Here's what happens in this representation:

• Frequency components \( \alpha \) are highlighted, showing how each impacts the initial wave function.
• Understanding contributions at each frequency helps in reverting back to the time-space function through inverse transforms.

Initial conditions are essential in solving differential equations as they provide specific information about the system at the starting point. They ensure the uniqueness of the solution by reducing the infinite possibilities to a single one that fits the given conditions. In our task, the initial condition provided was \( U(\alpha, 0) = \frac{2 \alpha}{(1+\alpha^2)^2} \). This means that at time \( t = 0 \), the frequency representation of the function is predetermined, guiding us in constructing the solution over time.

By relating this initial condition to the expression for \( U(\alpha, t) \), we determined the value of the constant \( c_1 \), which plays a critical role in defining how the solution evolves over time. It is the key ingredient that ties together the frequency domain representation with dynamic behavior. Without the initial condition:

• We would lack information on how the system behaves at \( t = 0 \).
• It would be impossible to determine the constants in the representation \( U(\alpha, t) \).

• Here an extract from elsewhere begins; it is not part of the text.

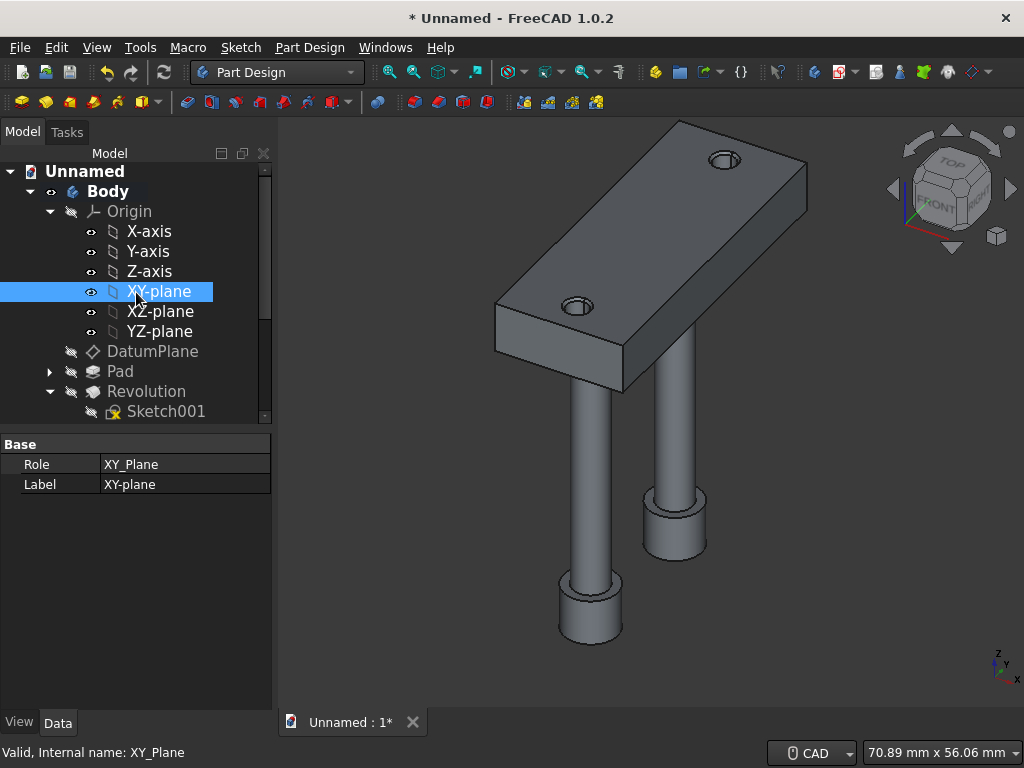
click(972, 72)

The inverse Fourier transform is the mathematical process that takes us back from the frequency domain to the original time or space domain. It reassembles the function from its frequency components, effectively turning data expressed in terms of frequency back into its original form. This is crucial for interpreting results in terms of the physical systems we study, whether these are mechanical vibrations, sound waves, or other phenomena.

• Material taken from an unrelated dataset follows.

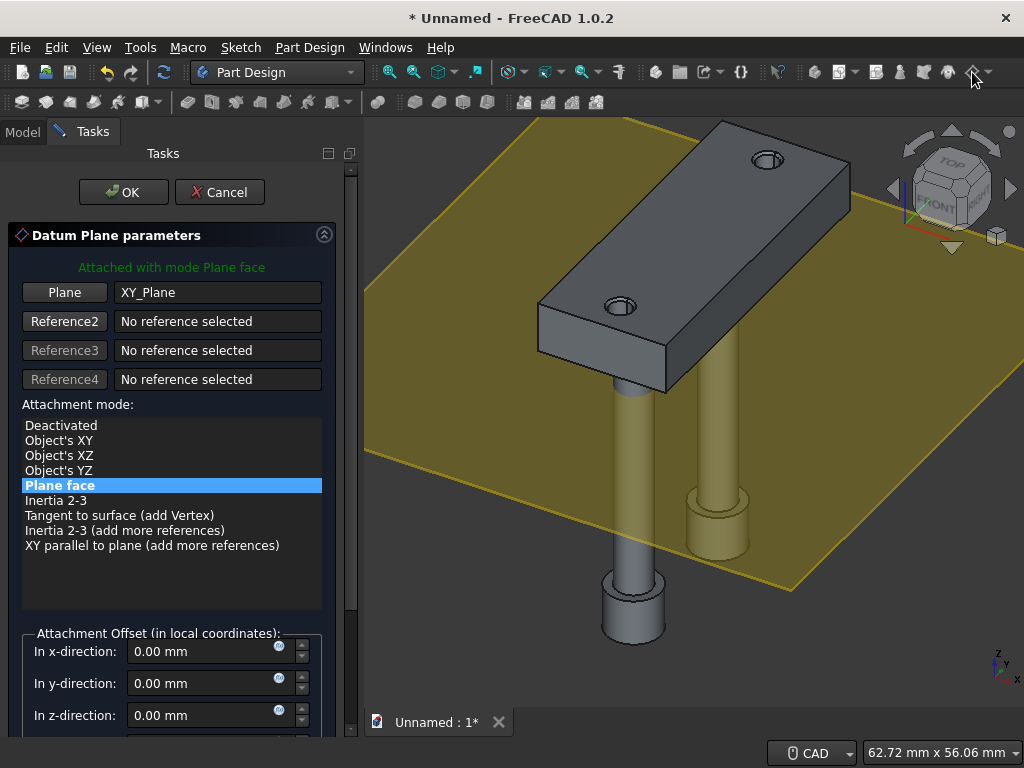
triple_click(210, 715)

For this problem, we used the inverse Fourier sine transform to find \( u(x, t) \) from \( U(\alpha, t) \). The inverse transform is expressed by the integral\[u(x, t) = \frac{4}{\pi} \int_0^\infty \frac{\alpha \cos(\alpha a t)}{(1+\alpha^2)^2} \sin(\alpha x) \, d\alpha\]

• This process integrates over all frequency components \( \alpha \), weighted and shaped by the function \( \sin(\alpha x) \), to recreate the original spatial domain function.
• The specific integration limits and formulas depend on the type of Fourier transform (sine, cosine, etc.) used initially.

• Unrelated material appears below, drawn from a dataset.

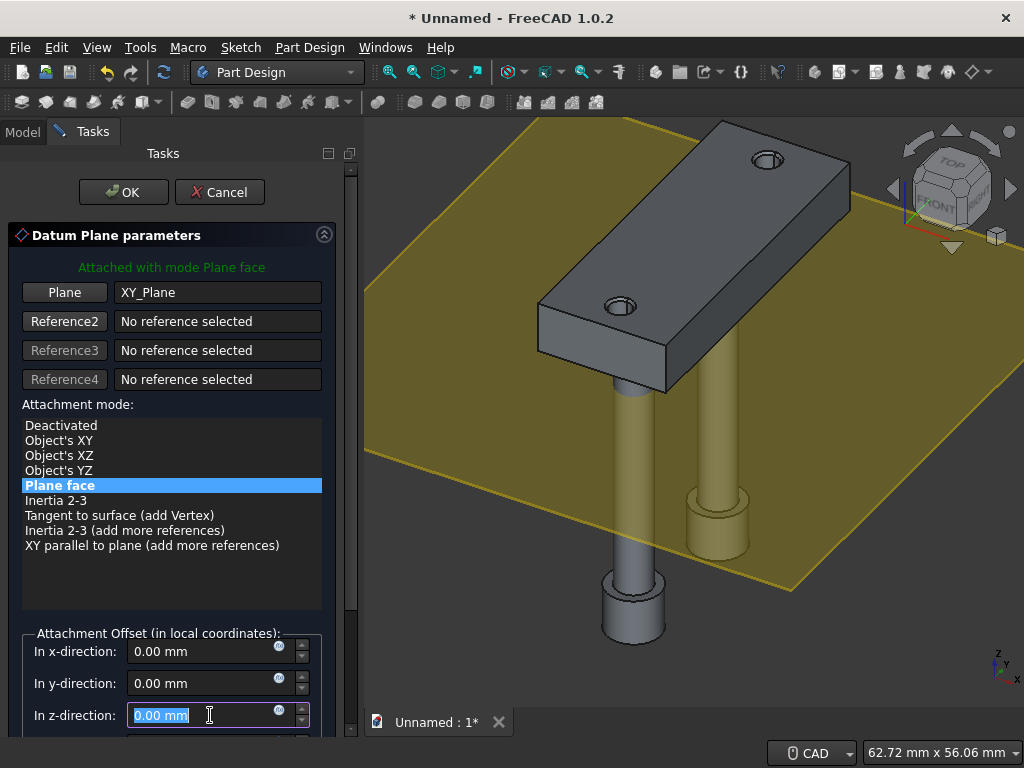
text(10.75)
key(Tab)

Partial differential equations (PDEs) are mathematical equations that involve rates of change with respect to continuous variables. They are used to formulate problems involving functions of several variables and are either solved by analytical means (exact solutions) or by numerical methods. PDEs appear in many branches of physics and engineering, describing a wide range of phenomena, such as sound, heat, electrostatics, and fluid dynamics.

In this exercise, the Fourier sine transform is used because it simplifies the problem by converting the PDE into an ordinary differential equation (ODE) in the frequency domain. Solving the resulting ODE is typically more straightforward.

Key points about PDEs relevant here include:

• The form of the PDE can determine the applicability of different transform methods.
• Transform methods like the Fourier sine transform help in handling complex boundary and initial conditions.
• They are crucial for understanding how solutions evolve with time and space, given the specific conditions and constraints of the system.